By Karlijn Willems, Data Science Journalist & DataCamp Contributor.

Structured Query Language (SQL) is an indispensable skill in the data science industry and generally speaking, learning this skill is fairly easy. However, most forget that SQL isn’t just about writing queries, which is just the first step down the road. Ensuring that queries are performant or that they fit the context that you’re working in is a whole other thing.

That’s why this SQL tutorial will provide you with a small peek at some steps that you can go through to evaluate your query:

  • First off, you’ll start with a short overview of the importance of learning SQL for jobs in data science;
  • Next, you’ll first learn more about how SQL query processing and execution so that you can properly understand the importance of writing qualitative queries: more specifically, you’ll see that the query is parsed, rewritten, optimized and finally evaluated;
  • With that in mind, you’ll not only go over some query anti-patterns that beginners make when writing queries, but you’ll also learn more about alternatives and solutions to those possible mistakes; You’ll also learn more about the set-based versus the procedural approach to querying.
  • You’ll also see that these anti-patterns stem from performance concerns and that, besides the “manual” approach to improving SQL queries, you can analyze your queries also in a more structured, in-depth way by making use of some other tools that help you to see the query plan; And,
  • You’ll briefly go more into time complexity and the big O notation to get an idea about the time complexity of an execution plan before you execute your query; Lastly,
  • You’ll briefly get some pointers on how you can tune your query further.

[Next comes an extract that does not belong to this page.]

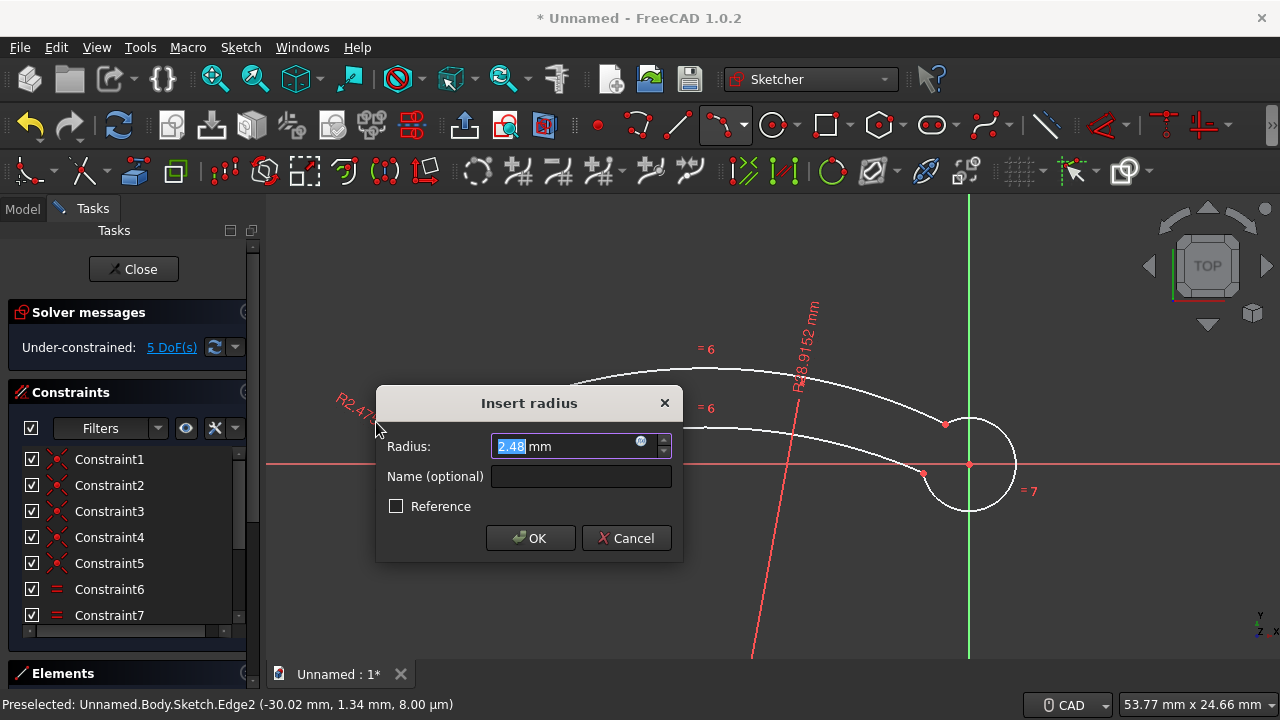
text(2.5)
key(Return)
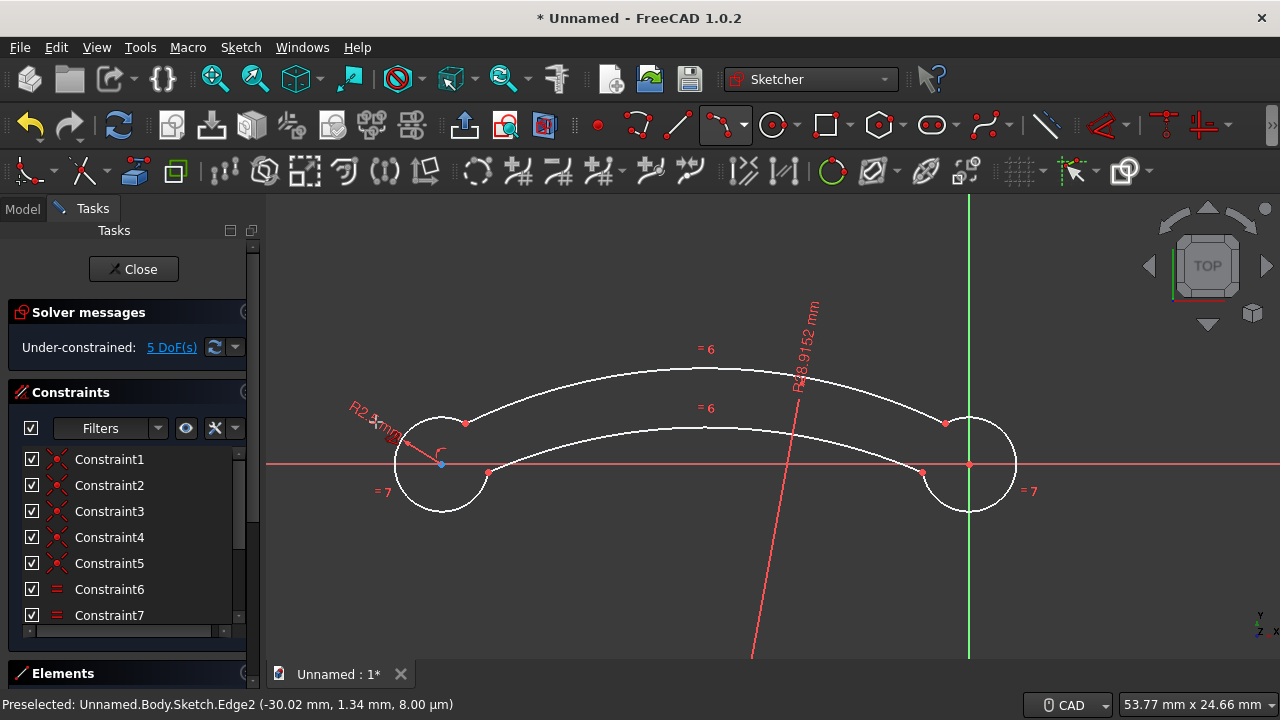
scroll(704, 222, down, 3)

Are you interested in an SQL course? Take DataCamp’s Intro to SQL for Data Science course!

 

Why Should I Learn SQL For Data Science?

 
SQL is far from dead: it’s one of the most in-demand skills that you find in job descriptions from the data science industry, whether you’re applying for a data analyst, a data engineer, a data scientist or any other roles. This is confirmed by 70% of the respondents of the 2016 O’Reilly Data Science Salary Survey, who indicate that they use SQL in their professional context. What’s more, in this survey, SQL stands out way above the R (57%) and Python (54%) programming languages.

You get the picture: SQL is a must-have skill when you’re working towards getting a job in the data science industry.

Not bad for a language that was developed in the early 1970s, right?

But why exactly is it that it is so frequently used? And why isn’t it dead even though it has been around for such a long time?

There are several reasons: one of the first reasons would be that companies mostly store data in Relational Database Management Systems (RDBMS) or in Relational Data Stream Management Systems (RDSMS) and you need SQL to access that data. SQL is the lingua franca of data: it gives you the ability to interact with almost any database or to even build your own locally!

As if this wasn’t enough yet, keep in mind that there are quite a few SQL implementations that are incompatible between vendors and do not necessarily follow standards. Knowing the standard SQL is thus a requirement for you to find your way around in the (data science) industry.

On top of that, it’s safe to say that SQL has also been embraced by newer technologies, such as Hive, a SQL-like query language interface to query and manage large datasets, or Spark SQL, which you can use to execute SQL queries. Once again, the SQL that you find there will differ from the standard that you might have learned, but the learning curve will be considerably easier.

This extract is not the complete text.